### Required action:
Leave out all pictures while repeating the records exactly and completely.

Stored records

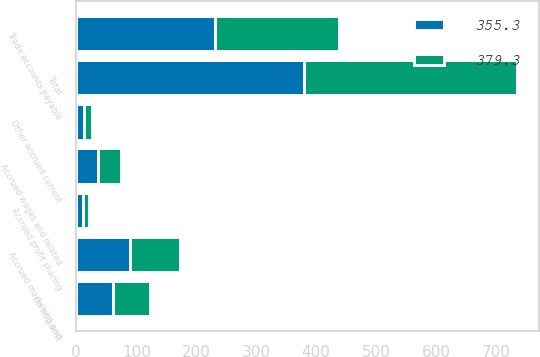Convert chart to OTSL. <chart><loc_0><loc_0><loc_500><loc_500><stacked_bar_chart><ecel><fcel>(In millions)<fcel>Trade accounts payable<fcel>Accrued marketing and<fcel>Accrued wages and related<fcel>Accrued profit sharing<fcel>Other accrued current<fcel>Total<nl><fcel>355.3<fcel>61.4<fcel>231.8<fcel>89<fcel>36<fcel>10.5<fcel>12<fcel>379.3<nl><fcel>379.3<fcel>61.4<fcel>206.3<fcel>83.9<fcel>38.9<fcel>11.5<fcel>14.7<fcel>355.3<nl></chart> 
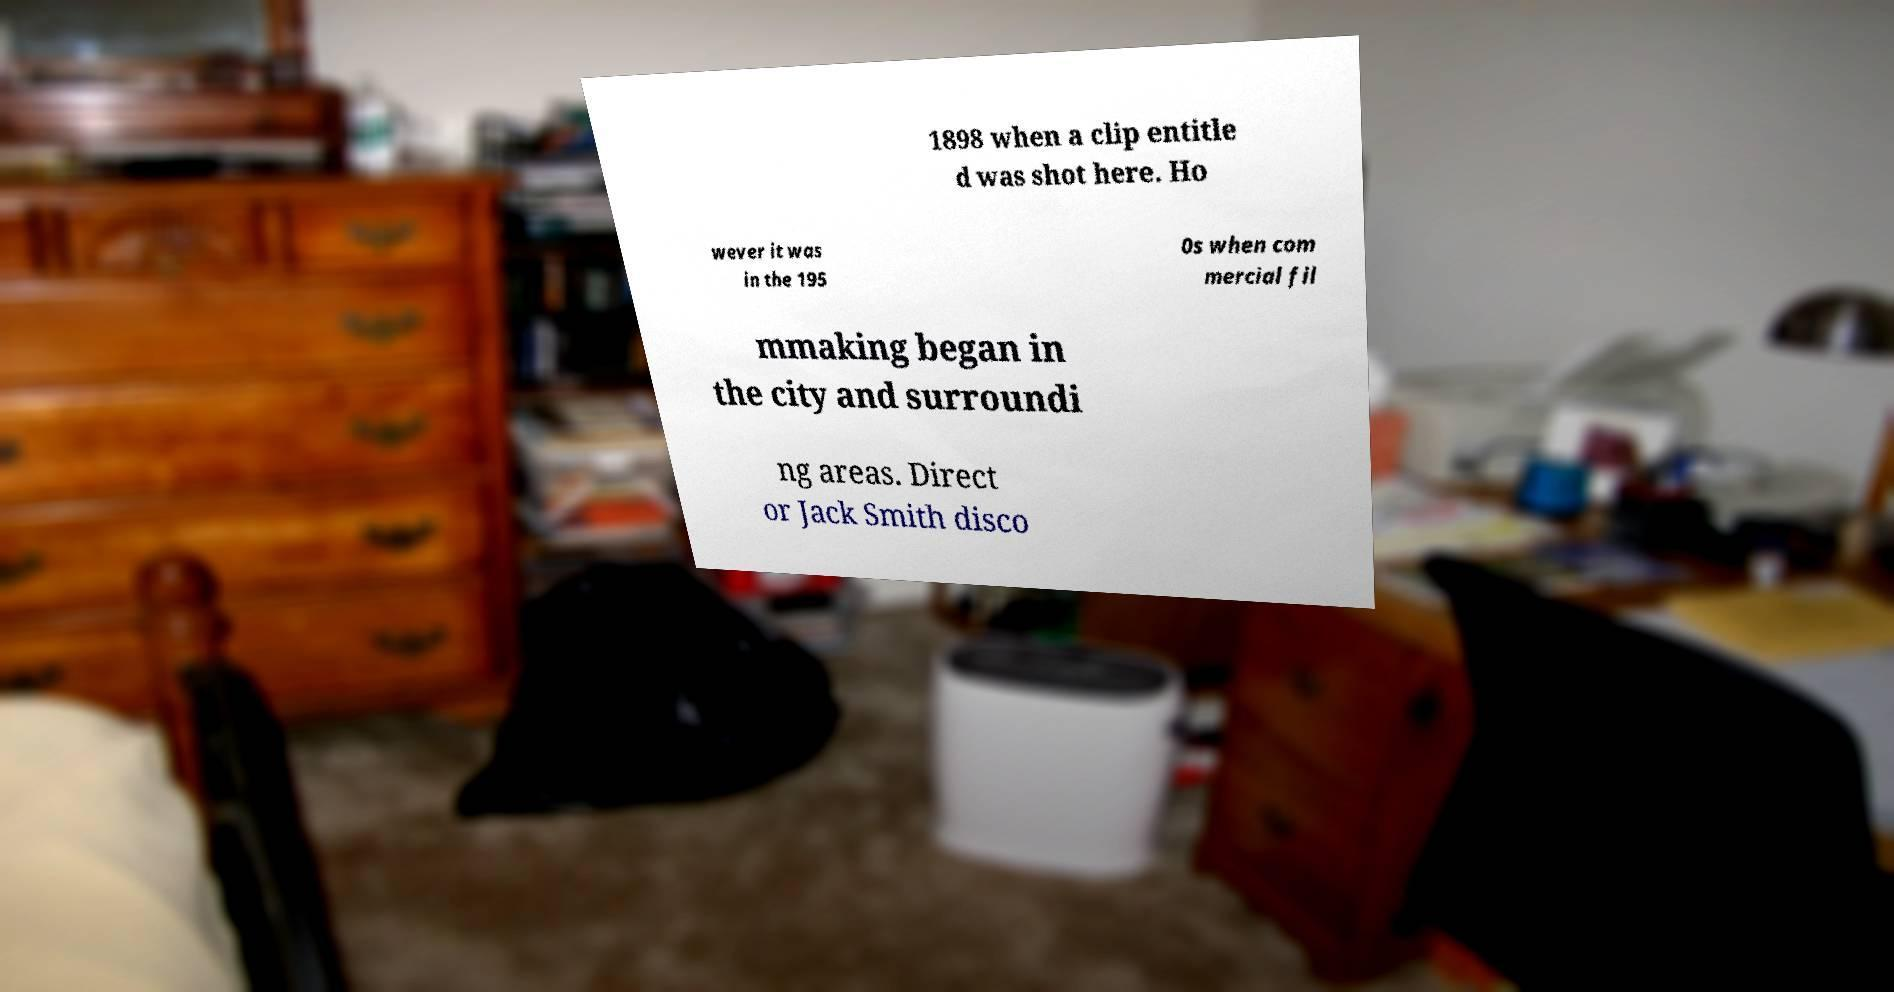I need the written content from this picture converted into text. Can you do that? 1898 when a clip entitle d was shot here. Ho wever it was in the 195 0s when com mercial fil mmaking began in the city and surroundi ng areas. Direct or Jack Smith disco 
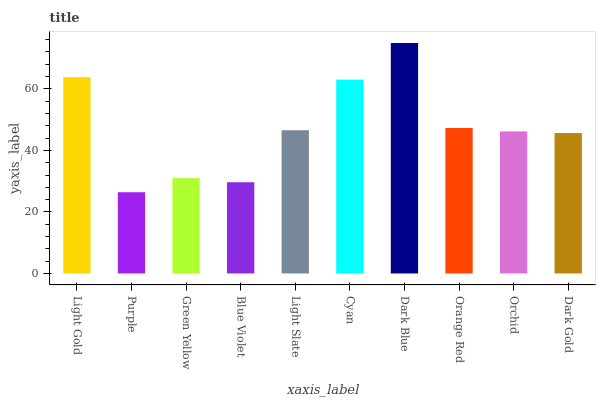Is Purple the minimum?
Answer yes or no. Yes. Is Dark Blue the maximum?
Answer yes or no. Yes. Is Green Yellow the minimum?
Answer yes or no. No. Is Green Yellow the maximum?
Answer yes or no. No. Is Green Yellow greater than Purple?
Answer yes or no. Yes. Is Purple less than Green Yellow?
Answer yes or no. Yes. Is Purple greater than Green Yellow?
Answer yes or no. No. Is Green Yellow less than Purple?
Answer yes or no. No. Is Light Slate the high median?
Answer yes or no. Yes. Is Orchid the low median?
Answer yes or no. Yes. Is Dark Blue the high median?
Answer yes or no. No. Is Blue Violet the low median?
Answer yes or no. No. 
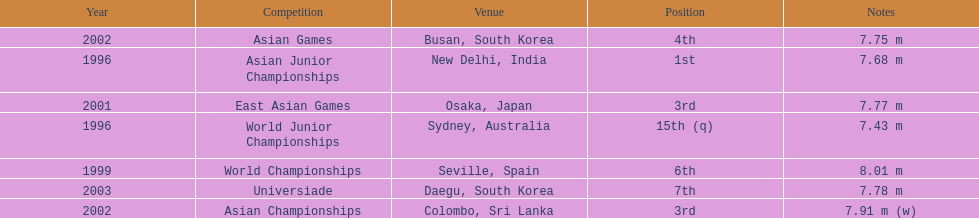In what year was the position of 3rd first achieved? 2001. Could you help me parse every detail presented in this table? {'header': ['Year', 'Competition', 'Venue', 'Position', 'Notes'], 'rows': [['2002', 'Asian Games', 'Busan, South Korea', '4th', '7.75 m'], ['1996', 'Asian Junior Championships', 'New Delhi, India', '1st', '7.68 m'], ['2001', 'East Asian Games', 'Osaka, Japan', '3rd', '7.77 m'], ['1996', 'World Junior Championships', 'Sydney, Australia', '15th (q)', '7.43 m'], ['1999', 'World Championships', 'Seville, Spain', '6th', '8.01 m'], ['2003', 'Universiade', 'Daegu, South Korea', '7th', '7.78 m'], ['2002', 'Asian Championships', 'Colombo, Sri Lanka', '3rd', '7.91 m (w)']]} 
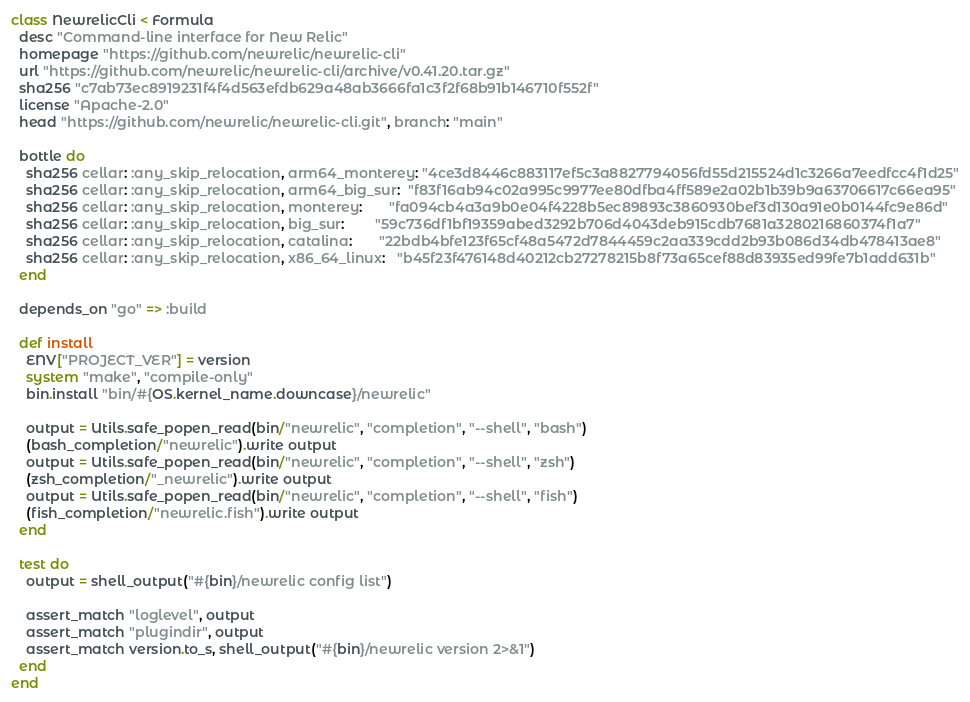<code> <loc_0><loc_0><loc_500><loc_500><_Ruby_>class NewrelicCli < Formula
  desc "Command-line interface for New Relic"
  homepage "https://github.com/newrelic/newrelic-cli"
  url "https://github.com/newrelic/newrelic-cli/archive/v0.41.20.tar.gz"
  sha256 "c7ab73ec8919231f4f4d563efdb629a48ab3666fa1c3f2f68b91b146710f552f"
  license "Apache-2.0"
  head "https://github.com/newrelic/newrelic-cli.git", branch: "main"

  bottle do
    sha256 cellar: :any_skip_relocation, arm64_monterey: "4ce3d8446c883117ef5c3a8827794056fd55d215524d1c3266a7eedfcc4f1d25"
    sha256 cellar: :any_skip_relocation, arm64_big_sur:  "f83f16ab94c02a995c9977ee80dfba4ff589e2a02b1b39b9a63706617c66ea95"
    sha256 cellar: :any_skip_relocation, monterey:       "fa094cb4a3a9b0e04f4228b5ec89893c3860930bef3d130a91e0b0144fc9e86d"
    sha256 cellar: :any_skip_relocation, big_sur:        "59c736df1bf19359abed3292b706d4043deb915cdb7681a3280216860374f1a7"
    sha256 cellar: :any_skip_relocation, catalina:       "22bdb4bfe123f65cf48a5472d7844459c2aa339cdd2b93b086d34db478413ae8"
    sha256 cellar: :any_skip_relocation, x86_64_linux:   "b45f23f476148d40212cb27278215b8f73a65cef88d83935ed99fe7b1add631b"
  end

  depends_on "go" => :build

  def install
    ENV["PROJECT_VER"] = version
    system "make", "compile-only"
    bin.install "bin/#{OS.kernel_name.downcase}/newrelic"

    output = Utils.safe_popen_read(bin/"newrelic", "completion", "--shell", "bash")
    (bash_completion/"newrelic").write output
    output = Utils.safe_popen_read(bin/"newrelic", "completion", "--shell", "zsh")
    (zsh_completion/"_newrelic").write output
    output = Utils.safe_popen_read(bin/"newrelic", "completion", "--shell", "fish")
    (fish_completion/"newrelic.fish").write output
  end

  test do
    output = shell_output("#{bin}/newrelic config list")

    assert_match "loglevel", output
    assert_match "plugindir", output
    assert_match version.to_s, shell_output("#{bin}/newrelic version 2>&1")
  end
end
</code> 
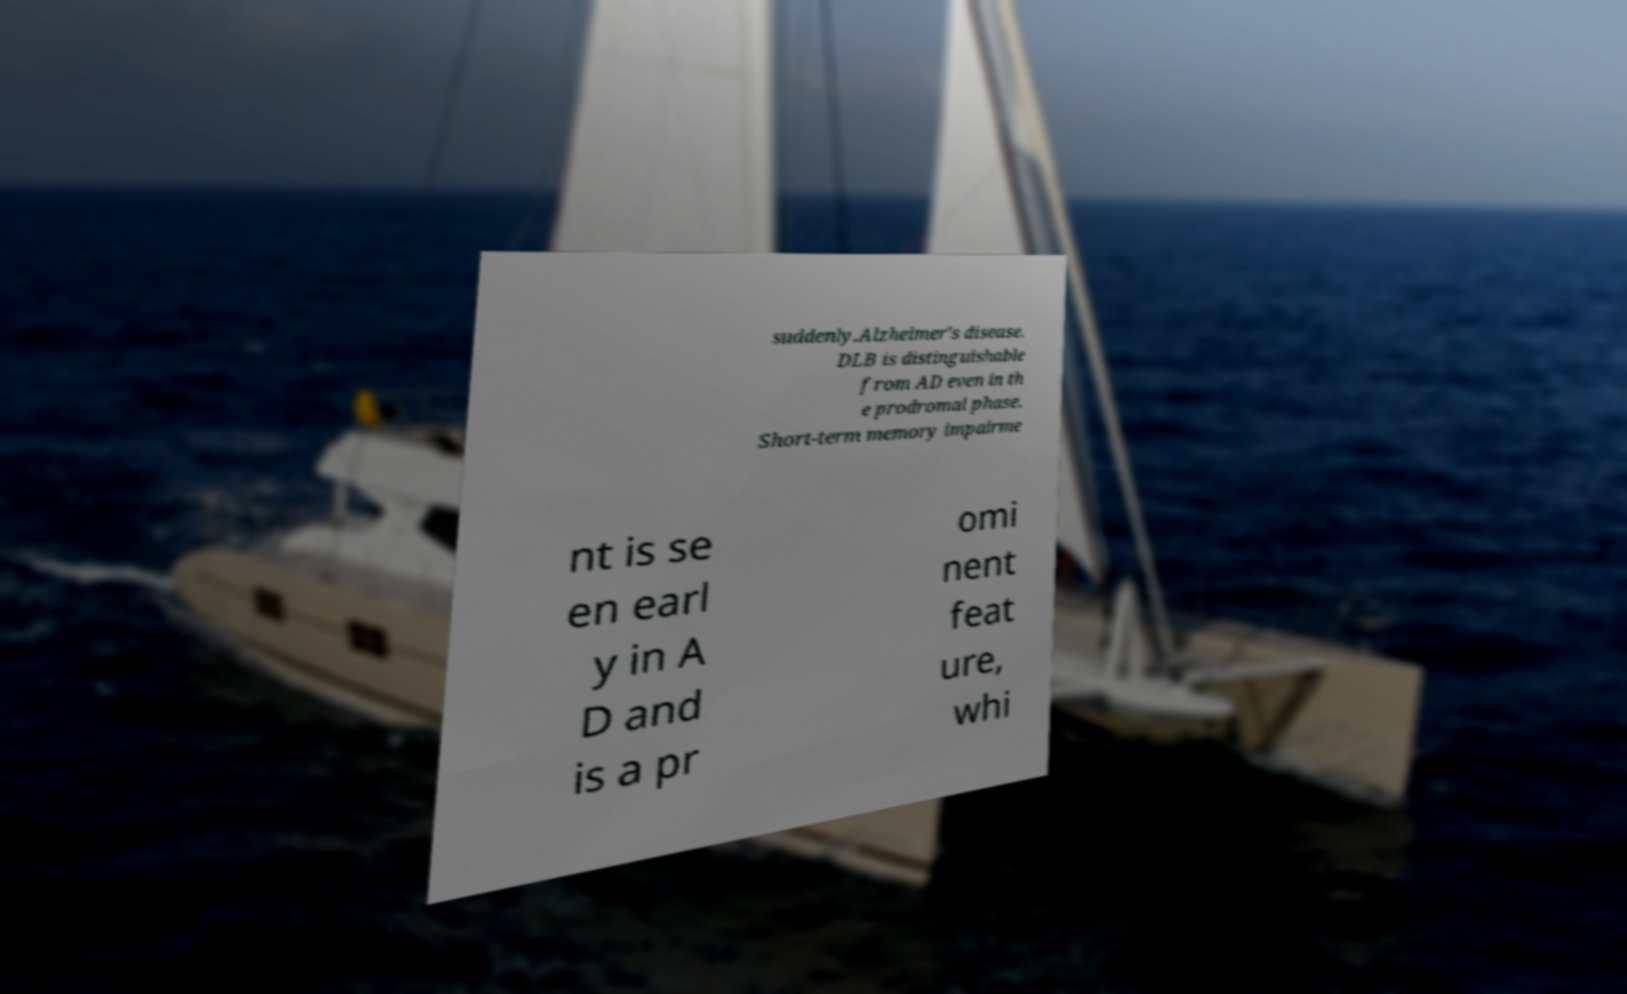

### Final answer:
Convert chart to OTSL. <chart><loc_0><loc_0><loc_500><loc_500><stacked_bar_chart><ecel><fcel>(In millions)<fcel>Trade accounts payable<fcel>Accrued marketing and<fcel>Accrued wages and related<fcel>Accrued profit sharing<fcel>Other accrued current<fcel>Total<nl><fcel>355.3<fcel>61.4<fcel>231.8<fcel>89<fcel>36<fcel>10.5<fcel>12<fcel>379.3<nl><fcel>379.3<fcel>61.4<fcel>206.3<fcel>83.9<fcel>38.9<fcel>11.5<fcel>14.7<fcel>355.3<nl></chart> 
I need the written content from this picture converted into text. Can you do that? 1898 when a clip entitle d was shot here. Ho wever it was in the 195 0s when com mercial fil mmaking began in the city and surroundi ng areas. Direct or Jack Smith disco 
Is Purple the minimum?
Answer yes or no. Yes. Is Dark Blue the maximum?
Answer yes or no. Yes. Is Green Yellow the minimum?
Answer yes or no. No. Is Green Yellow the maximum?
Answer yes or no. No. Is Green Yellow greater than Purple?
Answer yes or no. Yes. Is Purple less than Green Yellow?
Answer yes or no. Yes. Is Purple greater than Green Yellow?
Answer yes or no. No. Is Green Yellow less than Purple?
Answer yes or no. No. Is Light Slate the high median?
Answer yes or no. Yes. Is Orchid the low median?
Answer yes or no. Yes. Is Dark Blue the high median?
Answer yes or no. No. Is Blue Violet the low median?
Answer yes or no. No. 
In what year was the position of 3rd first achieved? 2001. Could you help me parse every detail presented in this table? {'header': ['Year', 'Competition', 'Venue', 'Position', 'Notes'], 'rows': [['2002', 'Asian Games', 'Busan, South Korea', '4th', '7.75 m'], ['1996', 'Asian Junior Championships', 'New Delhi, India', '1st', '7.68 m'], ['2001', 'East Asian Games', 'Osaka, Japan', '3rd', '7.77 m'], ['1996', 'World Junior Championships', 'Sydney, Australia', '15th (q)', '7.43 m'], ['1999', 'World Championships', 'Seville, Spain', '6th', '8.01 m'], ['2003', 'Universiade', 'Daegu, South Korea', '7th', '7.78 m'], ['2002', 'Asian Championships', 'Colombo, Sri Lanka', '3rd', '7.91 m (w)']]} 
<code> <loc_0><loc_0><loc_500><loc_500><_Ruby_>class NewrelicCli < Formula
  desc "Command-line interface for New Relic"
  homepage "https://github.com/newrelic/newrelic-cli"
  url "https://github.com/newrelic/newrelic-cli/archive/v0.41.20.tar.gz"
  sha256 "c7ab73ec8919231f4f4d563efdb629a48ab3666fa1c3f2f68b91b146710f552f"
  license "Apache-2.0"
  head "https://github.com/newrelic/newrelic-cli.git", branch: "main"

  bottle do
    sha256 cellar: :any_skip_relocation, arm64_monterey: "4ce3d8446c883117ef5c3a8827794056fd55d215524d1c3266a7eedfcc4f1d25"
    sha256 cellar: :any_skip_relocation, arm64_big_sur:  "f83f16ab94c02a995c9977ee80dfba4ff589e2a02b1b39b9a63706617c66ea95"
    sha256 cellar: :any_skip_relocation, monterey:       "fa094cb4a3a9b0e04f4228b5ec89893c3860930bef3d130a91e0b0144fc9e86d"
    sha256 cellar: :any_skip_relocation, big_sur:        "59c736df1bf19359abed3292b706d4043deb915cdb7681a3280216860374f1a7"
    sha256 cellar: :any_skip_relocation, catalina:       "22bdb4bfe123f65cf48a5472d7844459c2aa339cdd2b93b086d34db478413ae8"
    sha256 cellar: :any_skip_relocation, x86_64_linux:   "b45f23f476148d40212cb27278215b8f73a65cef88d83935ed99fe7b1add631b"
  end

  depends_on "go" => :build

  def install
    ENV["PROJECT_VER"] = version
    system "make", "compile-only"
    bin.install "bin/#{OS.kernel_name.downcase}/newrelic"

    output = Utils.safe_popen_read(bin/"newrelic", "completion", "--shell", "bash")
    (bash_completion/"newrelic").write output
    output = Utils.safe_popen_read(bin/"newrelic", "completion", "--shell", "zsh")
    (zsh_completion/"_newrelic").write output
    output = Utils.safe_popen_read(bin/"newrelic", "completion", "--shell", "fish")
    (fish_completion/"newrelic.fish").write output
  end

  test do
    output = shell_output("#{bin}/newrelic config list")

    assert_match "loglevel", output
    assert_match "plugindir", output
    assert_match version.to_s, shell_output("#{bin}/newrelic version 2>&1")
  end
end
</code> 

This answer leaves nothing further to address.